= Annie Brewster =

Nurse

Annie Brewster (1858 – 11 February 1902) worked as a nurse at the London Hospital from 1881 to 1902 and was one of the first Afro-Caribbean nurses to have been identified as working in Britain during this period.

== Early life ==
Annie Catherine Brewster was born on the island of Saint Vincent in the Caribbean in 1858. Her father, Pharour Chaderton Brewster, was a wealthy merchant from Barbados who settled in South London in the 1860s with his family, including Annie and her younger sister, Laura.

== Nursing career ==
In 1881 Annie Brewster entered the London Hospital as a probationer (or trainee) nurse and was appointed to the hospital's nursing staff in 1884. She was promoted to nurse in charge of the Ophthalmic Wards in 1888. Brewster became known as "Nurse Ophthalmic" because of her work with elderly patients who were losing their sight.

== Death ==
Annie died aged 43 after an emergency operation in the London Hospital on 11 February 1902. She was buried the City of London Cemetery in Newham, London.

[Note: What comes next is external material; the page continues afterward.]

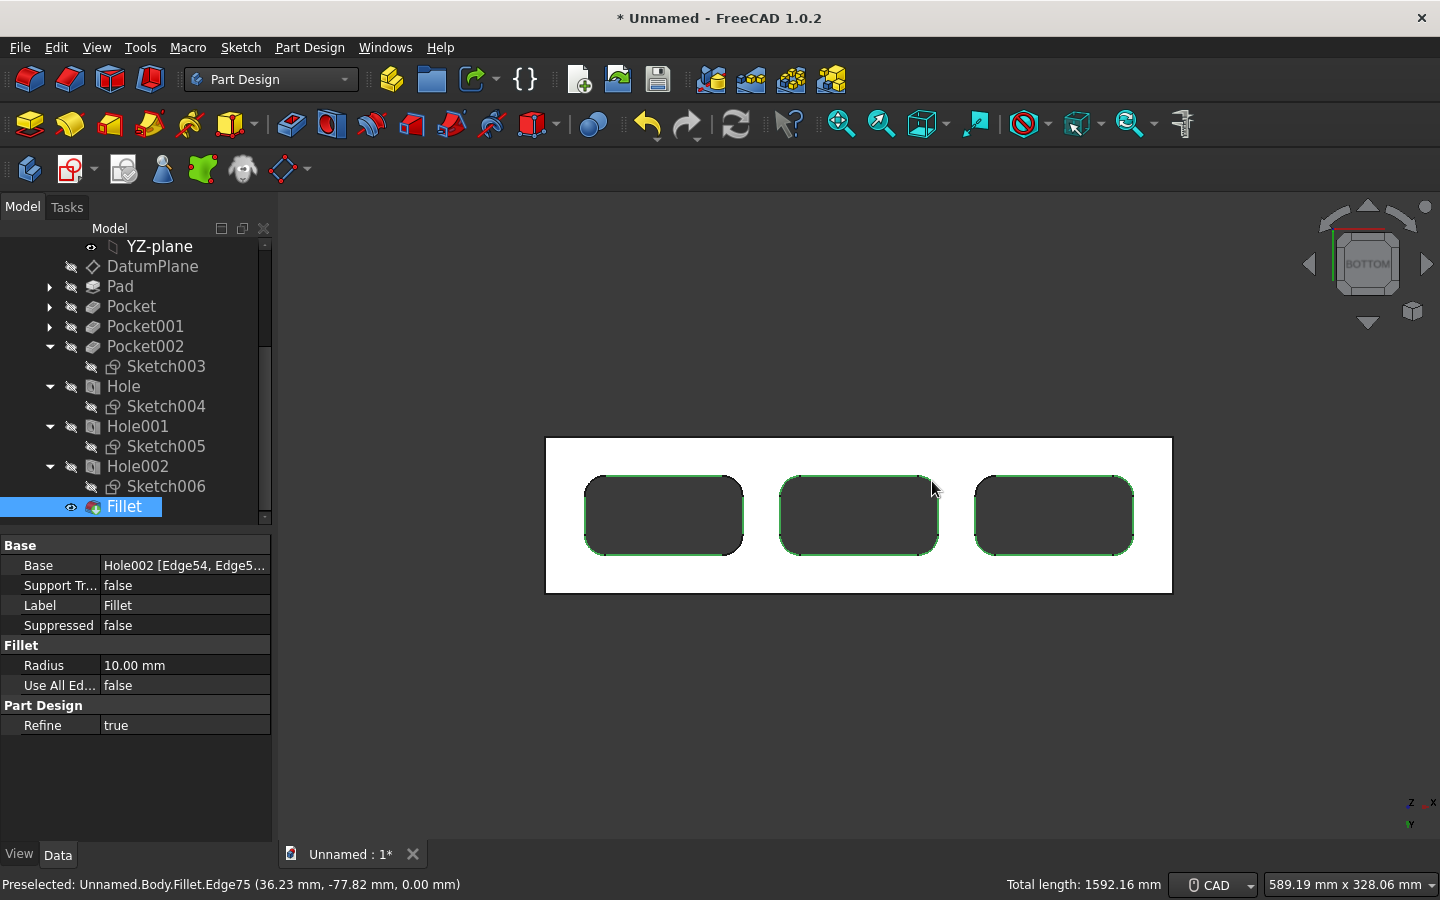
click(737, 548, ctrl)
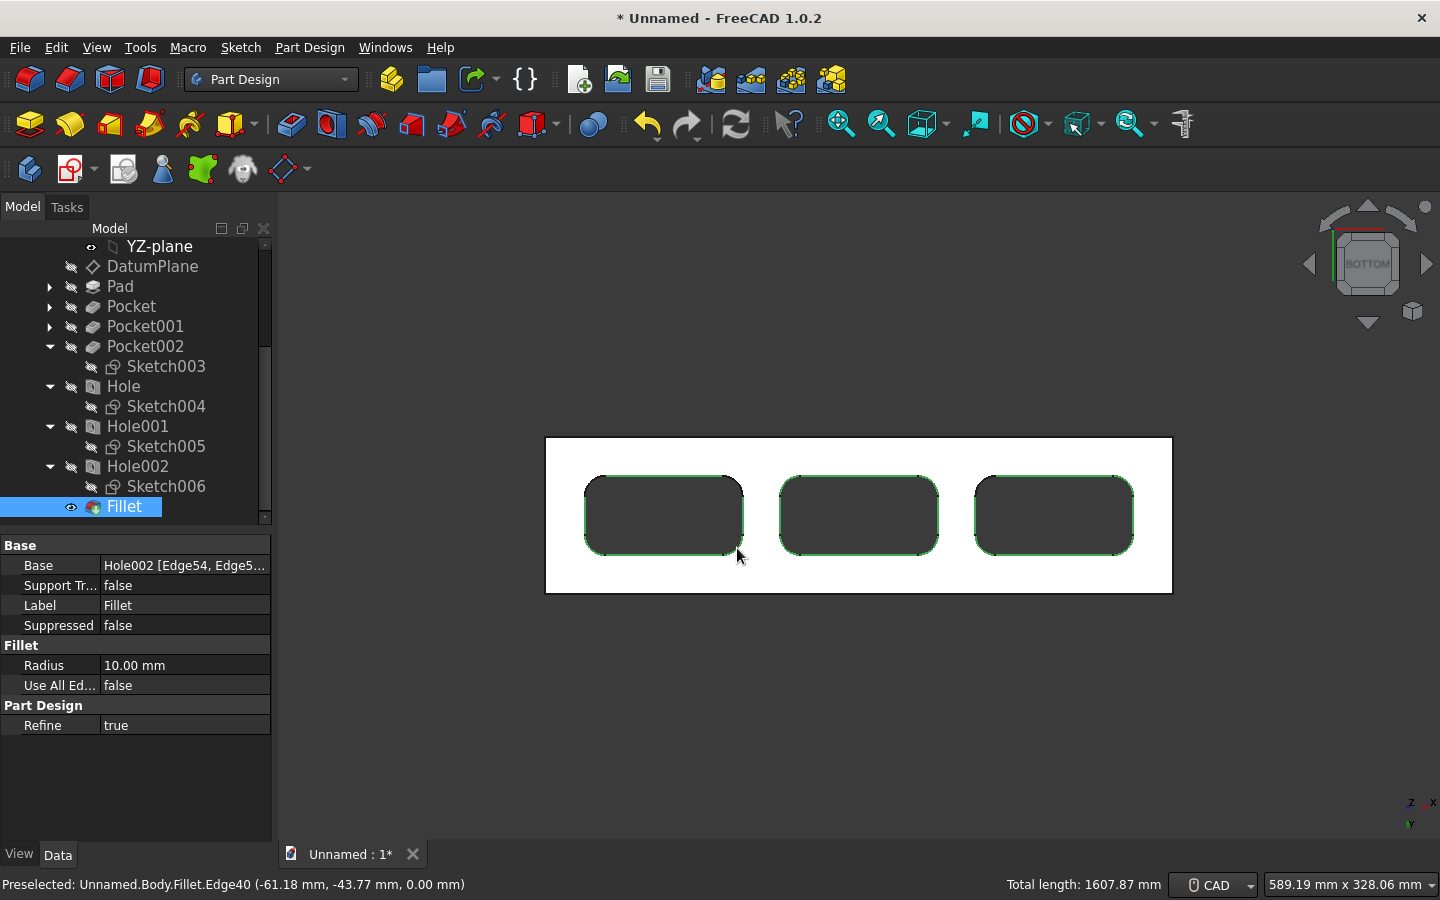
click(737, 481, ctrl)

The matron of the London Hospital, Eva Luckes, wrote of Brewster that: "She had spent the best and happiest years of her life at the London Hospital. She was with us for just over 20 years, nearly 14 of which had been spent as the nurse in charge of the Ophthalmic Wards. With her quick intelligence she became very skilful in the treatment of 'eyes' and her kindness to the poor old people who passed through her hands during this period was unwearied. Hospital friends mourn her loss and keep her in affectionate remembrance."

On 17 November 2018, Annie Brewster was one of a number of figures whose photographs were projected onto the facade of the former Royal London Hospital building in Whitechapel to mark the 70th anniversary of the NHS.

In 2019 the historian Stephen Bourne searched for and rediscovered the forgotten grave of Annie Brewster in the City of London Cemetery. In 2021 his entry for Annie Brewster was published in the Oxford Dictionary of National Biography.